→ TASK TO COMPLETE:
Find the word "Given" in the listing. Copy out each line where it occurs.

→ DATA EXTRACT:
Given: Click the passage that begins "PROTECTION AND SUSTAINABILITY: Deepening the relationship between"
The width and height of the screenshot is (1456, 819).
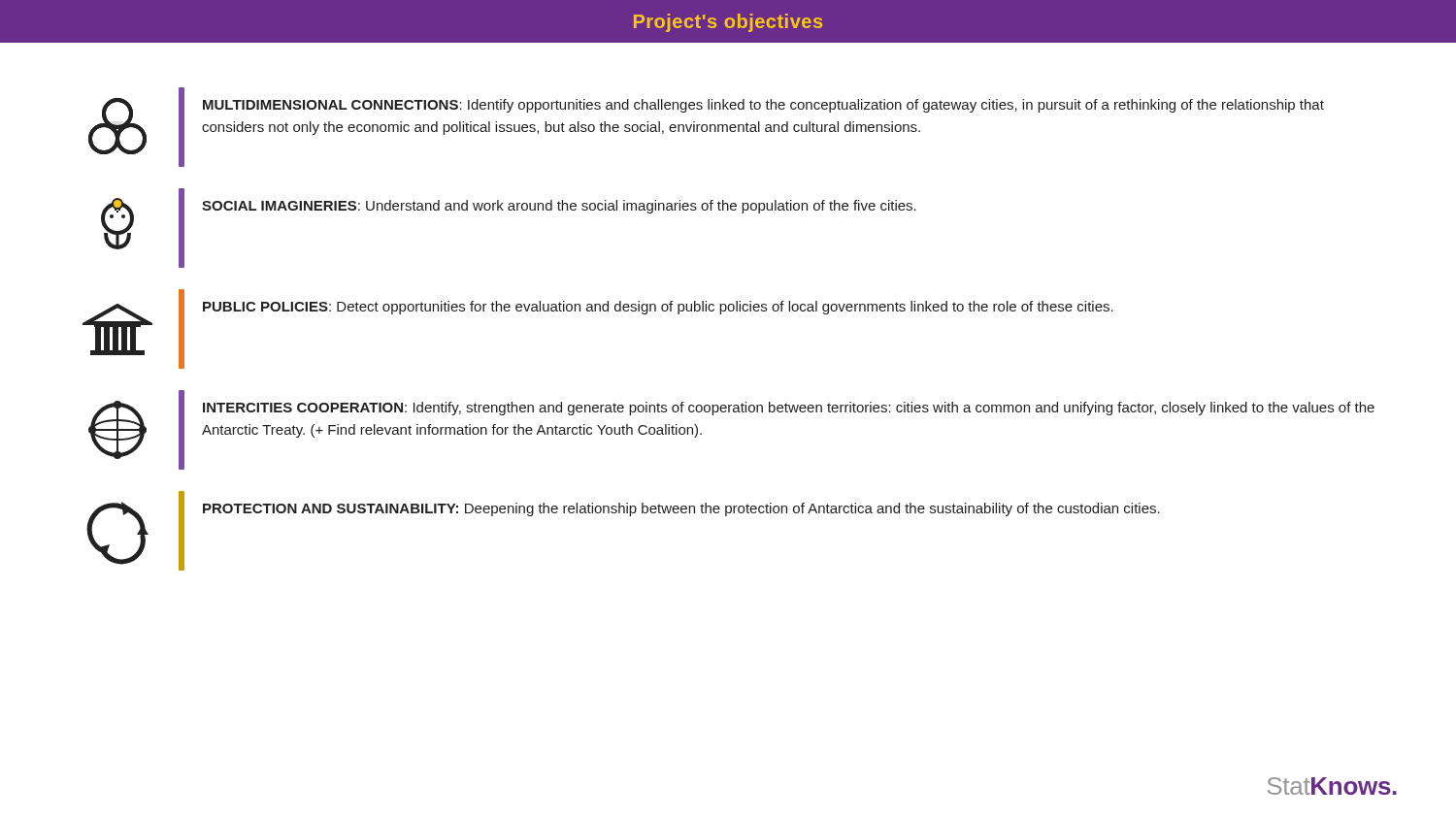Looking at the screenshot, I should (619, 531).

--

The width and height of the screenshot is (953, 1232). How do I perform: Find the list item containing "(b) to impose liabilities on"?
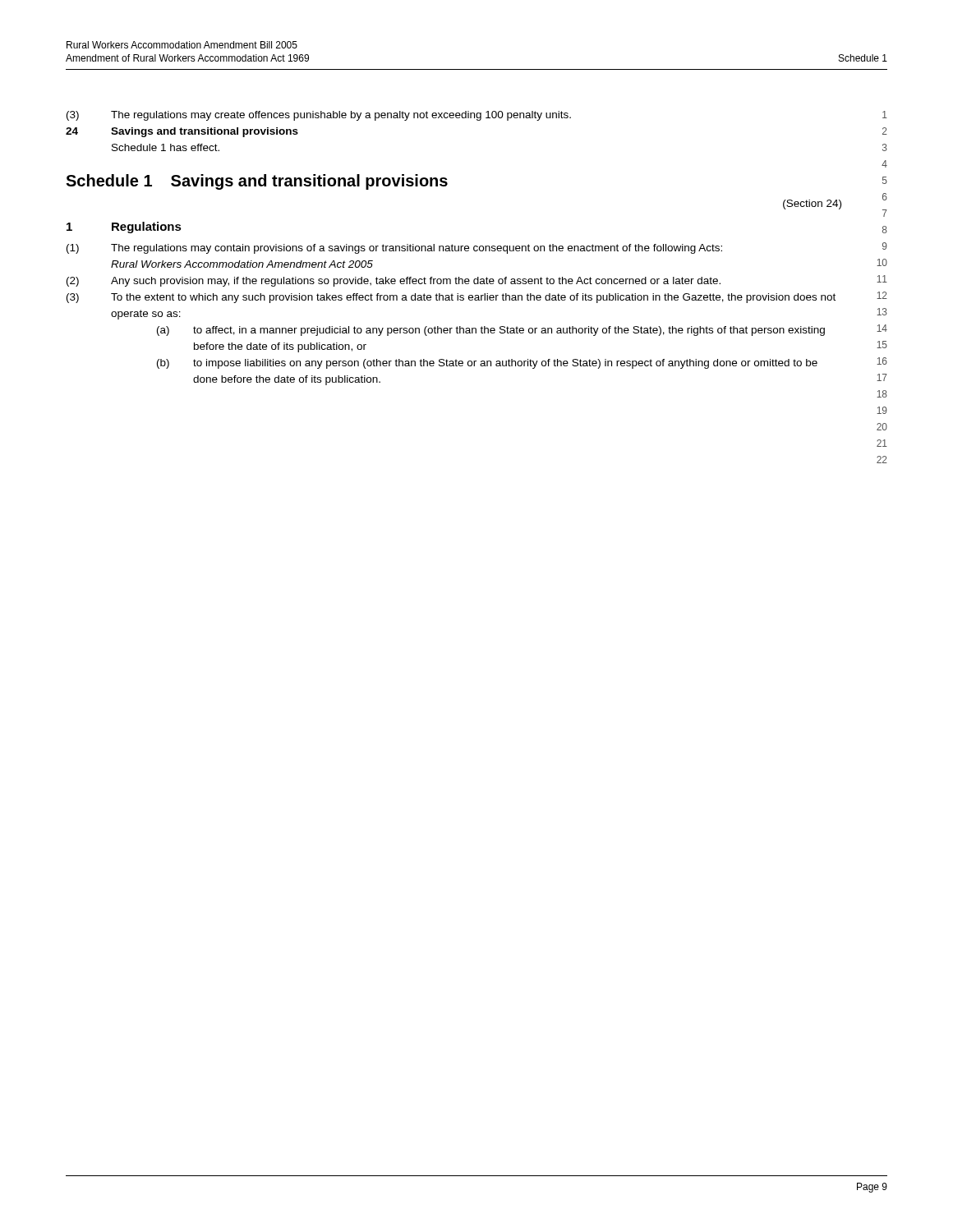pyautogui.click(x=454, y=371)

==

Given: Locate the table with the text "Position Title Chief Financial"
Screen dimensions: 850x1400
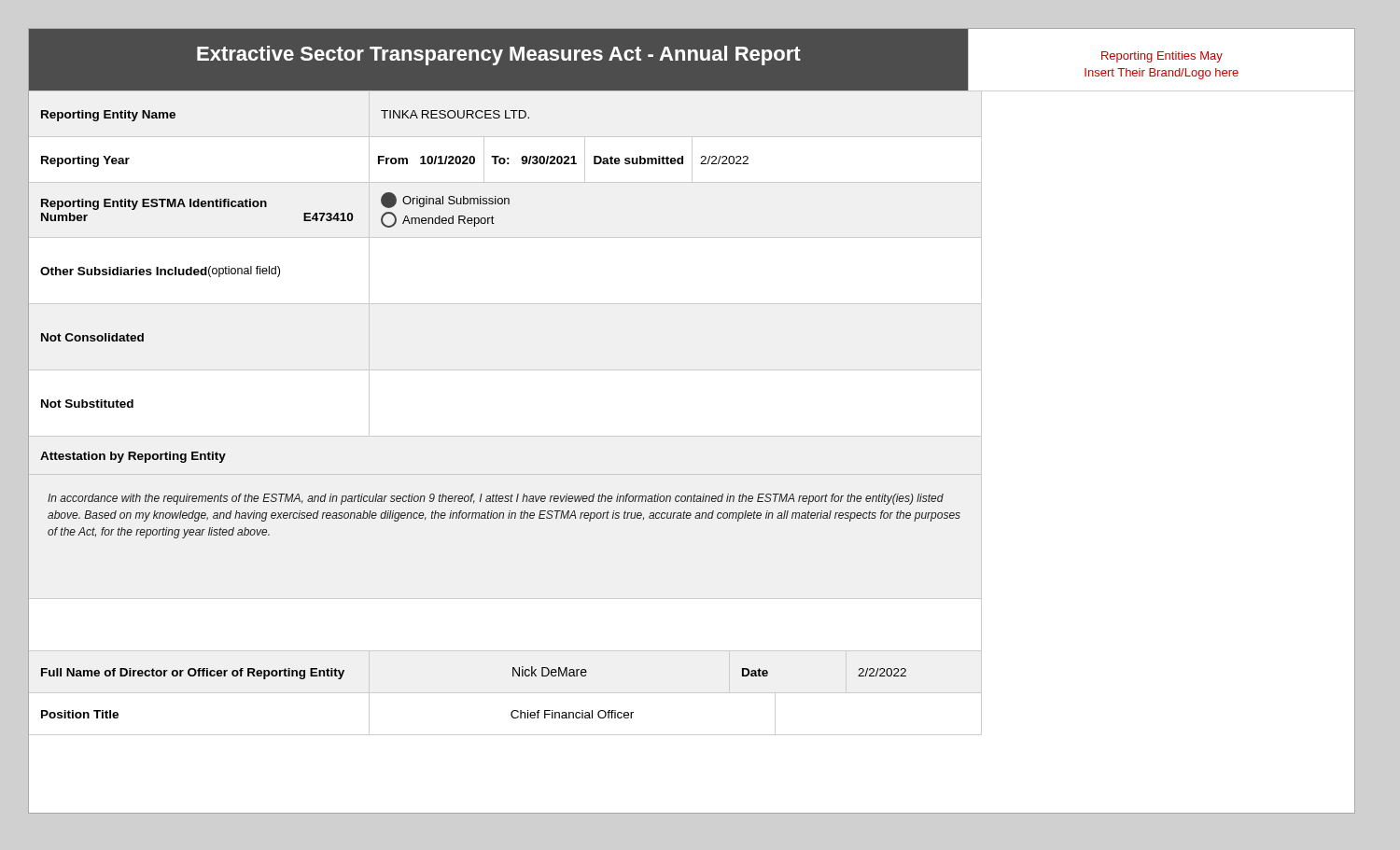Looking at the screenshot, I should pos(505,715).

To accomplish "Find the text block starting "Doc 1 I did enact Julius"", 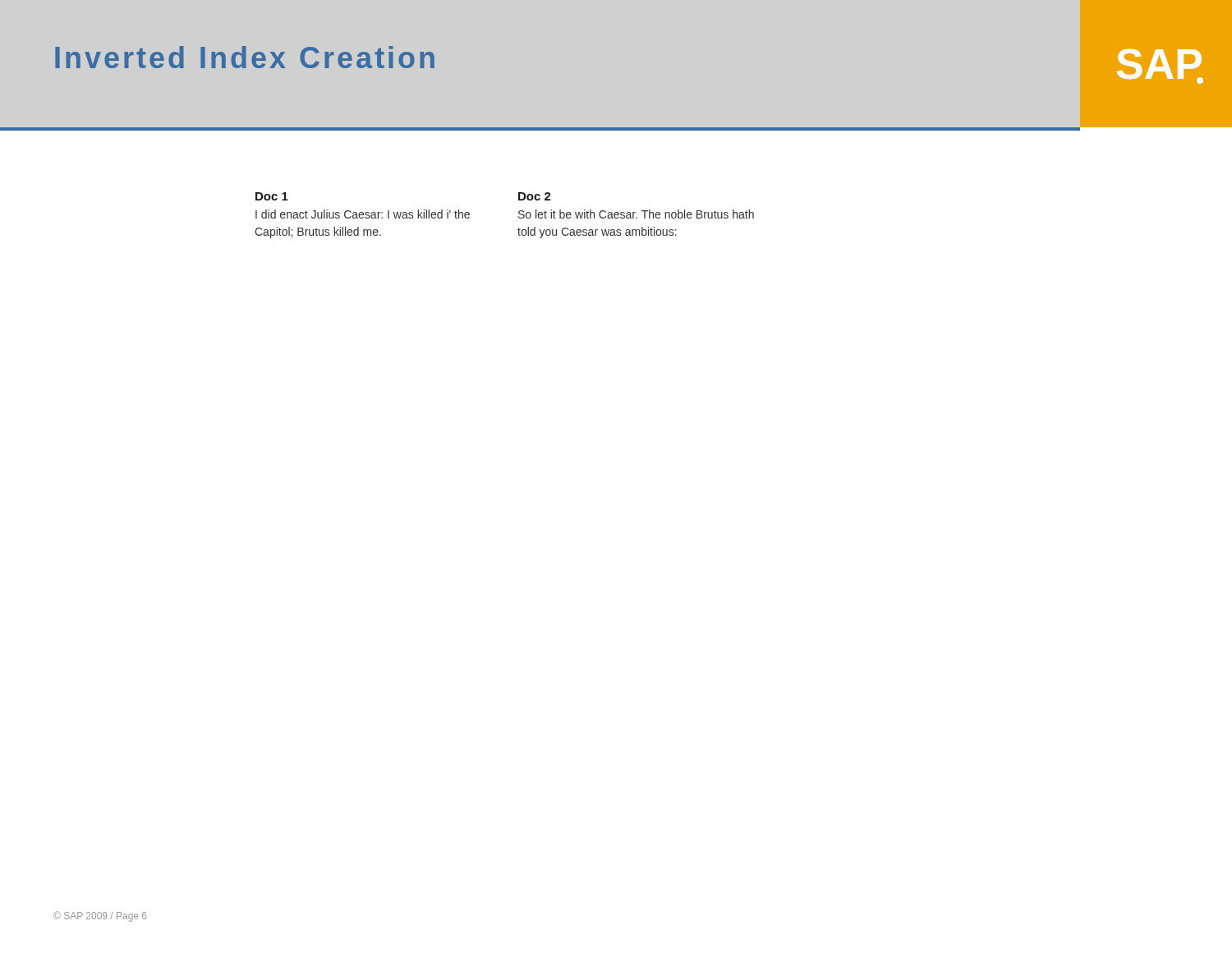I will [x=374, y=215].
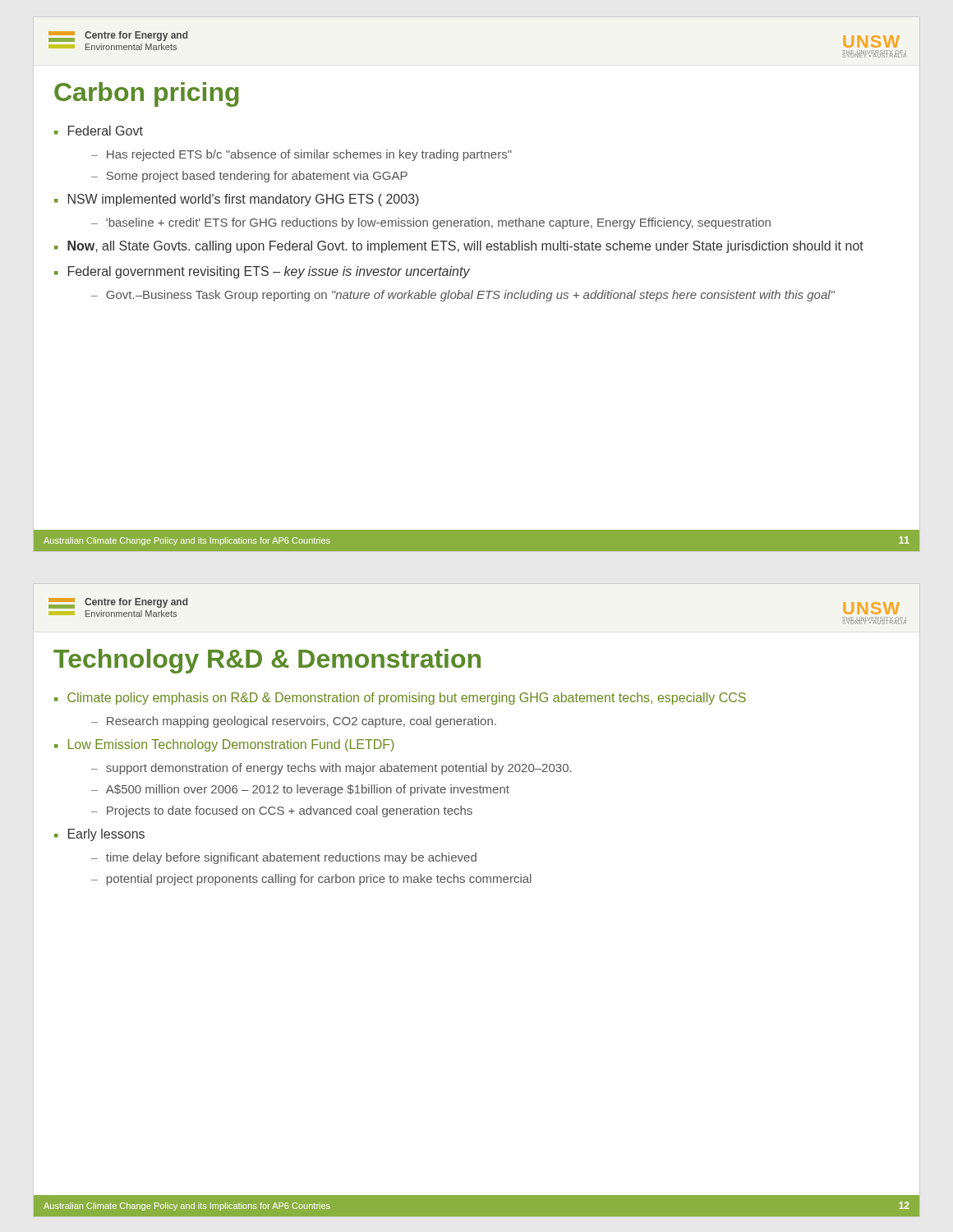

→ TASK SOLUTION:
Given: Click the passage that begins "PROTECTION AND SUSTAINABILITY: Deepening the relationship between"
Given: Locate the table with the text "Position Title Chief Financial"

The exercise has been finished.